2. Cerfs-volants Edo, Honshū

2.1 Kaku dako [Cerfs-volants rectangulaires]

Les cerfs-volants rectangulaires sont souvent tous appelés cerfs-volants Edo, mais à tort. En effet, les cerfs-volants rectangulaires ne sont pas tous originaires d’Edo. Parmi ceux de la collection du musée du quai Branly, on trouve des cerfs-volants rectangulaires de Kyoto, dont deux sont conservés sous les références 71.1937.40.92 bis et 71.1937.40.96, et des cerfs- volants Tsugaru, originaires d’Aomori, dont un est conservé sous la référence 71.1967.36.376. Ce ne sont que deux exemples parmi d’autres. Sans réaliser une liste exhaustive, parmi les cerfs-volants rectangulaires, on compte également les cerfs-volants de Saku [佐久凧, saku

dako] de la préfecture de Nagano, les cerfs-volants Soleil Levant [日出てんばた, hinode tenbata] de la préfecture de Miyagi, ou encore les cerfs-volants Senka [仙花いか, senka ika]

de la préfecture d’Osaka. Tous partagent une même forme. Cependant, leur armature et le décor de leur voilure ont évolué différemment en fonction des traditions locales.

Les deux cerfs-volants rectangulaires Edo de la collection du musée du quai Branly sont référencés sous les numéros 71.1937.40.92.1-2 (figure 11, gauche) et 71.1937.40.95.1-2

(figure 11, droite).

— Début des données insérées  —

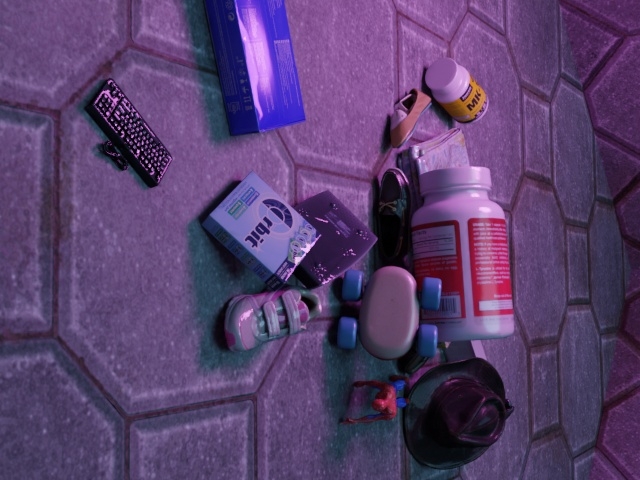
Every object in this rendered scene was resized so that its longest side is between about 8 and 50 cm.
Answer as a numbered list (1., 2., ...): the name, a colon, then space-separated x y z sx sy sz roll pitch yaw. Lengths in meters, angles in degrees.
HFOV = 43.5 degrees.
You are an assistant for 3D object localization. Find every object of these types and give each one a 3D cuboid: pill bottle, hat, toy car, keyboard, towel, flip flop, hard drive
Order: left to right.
1. keyboard: -0.311 -0.165 1.309 0.180 0.023 0.108 55 45 -37
2. hard drive: 0.000 0.000 1.660 0.172 0.054 0.254 44 36 6
3. toy car: 0.162 0.183 1.877 0.238 0.219 0.210 71 25 -75
4. flip flop: 0.271 0.216 2.086 0.112 0.080 0.277 54 55 -70
5. towel: 0.343 -0.106 2.222 0.320 0.090 0.375 -30 112 -52
6. pill bottle: 0.387 -0.426 2.288 0.208 0.119 0.119 30 63 -51
7. pill bottle: 0.339 0.036 1.947 0.229 0.229 0.408 5 80 -56
8. hat: 0.383 0.467 2.079 0.331 0.134 0.331 -5 101 -26

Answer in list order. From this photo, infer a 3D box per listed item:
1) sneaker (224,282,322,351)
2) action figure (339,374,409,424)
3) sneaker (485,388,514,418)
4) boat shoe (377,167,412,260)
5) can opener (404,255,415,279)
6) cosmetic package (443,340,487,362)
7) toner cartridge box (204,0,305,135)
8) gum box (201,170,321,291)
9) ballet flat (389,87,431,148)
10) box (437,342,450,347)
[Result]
1. sneaker: -0.086 0.139 1.537 0.252 0.111 0.103 -31 113 -53
2. action figure: 0.126 0.368 1.873 0.280 0.139 0.092 20 66 -77
3. sneaker: 0.430 0.424 2.226 0.286 0.130 0.109 41 14 -33
4. boat shoe: 0.180 -0.065 1.979 0.068 0.081 0.228 -18 105 -59
5. can opener: 0.229 0.159 2.036 0.074 0.093 0.280 51 52 -42
6. cosmetic package: 0.420 0.347 2.290 0.060 0.098 0.239 -53 130 -47
7. toner cartridge box: -0.130 -0.387 1.550 0.165 0.075 0.348 -25 109 -55
8. gum box: -0.108 -0.020 1.506 0.184 0.041 0.157 42 46 -5
9. ballet flat: 0.218 -0.320 2.086 0.073 0.080 0.232 44 44 -10
10. box: 0.358 0.198 2.245 0.232 0.058 0.087 -51 127 -46
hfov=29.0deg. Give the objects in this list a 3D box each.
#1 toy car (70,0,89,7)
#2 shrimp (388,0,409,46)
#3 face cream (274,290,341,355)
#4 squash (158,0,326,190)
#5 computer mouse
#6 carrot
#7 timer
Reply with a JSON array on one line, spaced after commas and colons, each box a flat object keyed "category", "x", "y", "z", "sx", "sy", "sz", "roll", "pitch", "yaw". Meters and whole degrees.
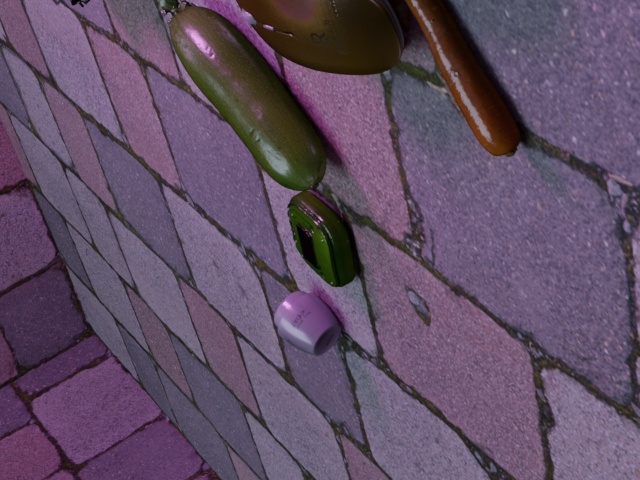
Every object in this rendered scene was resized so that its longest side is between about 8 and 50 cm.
[{"category": "toy car", "x": -0.398, "y": -0.486, "z": 2.010, "sx": 0.193, "sy": 0.118, "sz": 0.301, "roll": 56, "pitch": 161, "yaw": -17}, {"category": "shrimp", "x": 0.016, "y": -0.271, "z": 1.395, "sx": 0.249, "sy": 0.068, "sz": 0.150, "roll": 18, "pitch": 141, "yaw": 55}, {"category": "face cream", "x": -0.021, "y": 0.136, "z": 2.029, "sx": 0.095, "sy": 0.091, "sz": 0.091, "roll": 39, "pitch": 153, "yaw": 28}, {"category": "squash", "x": -0.113, "y": -0.217, "z": 1.731, "sx": 0.378, "sy": 0.101, "sz": 0.101, "roll": 53, "pitch": 160, "yaw": 22}, {"category": "computer mouse", "x": -0.016, "y": -0.243, "z": 1.351, "sx": 0.245, "sy": 0.056, "sz": 0.126, "roll": 22, "pitch": 153, "yaw": 40}, {"category": "carrot", "x": 0.132, "y": -0.193, "z": 1.255, "sx": 0.248, "sy": 0.043, "sz": 0.043, "roll": 61, "pitch": 161, "yaw": 2}, {"category": "timer", "x": 0.000, "y": 0.000, "z": 1.843, "sx": 0.128, "sy": 0.047, "sz": 0.140, "roll": 42, "pitch": 154, "yaw": 41}]

Ils font partie des plus anciens cerfs-volants japonais de la collection du musée et ils présentent une facture d’une grande finesse, tant du point de vue de la réalisation de leur armature, que de celle de leur décor. Ce travail de la main est d’autant plus appréciable que ces deux objets sont dans un très bon état de conservation.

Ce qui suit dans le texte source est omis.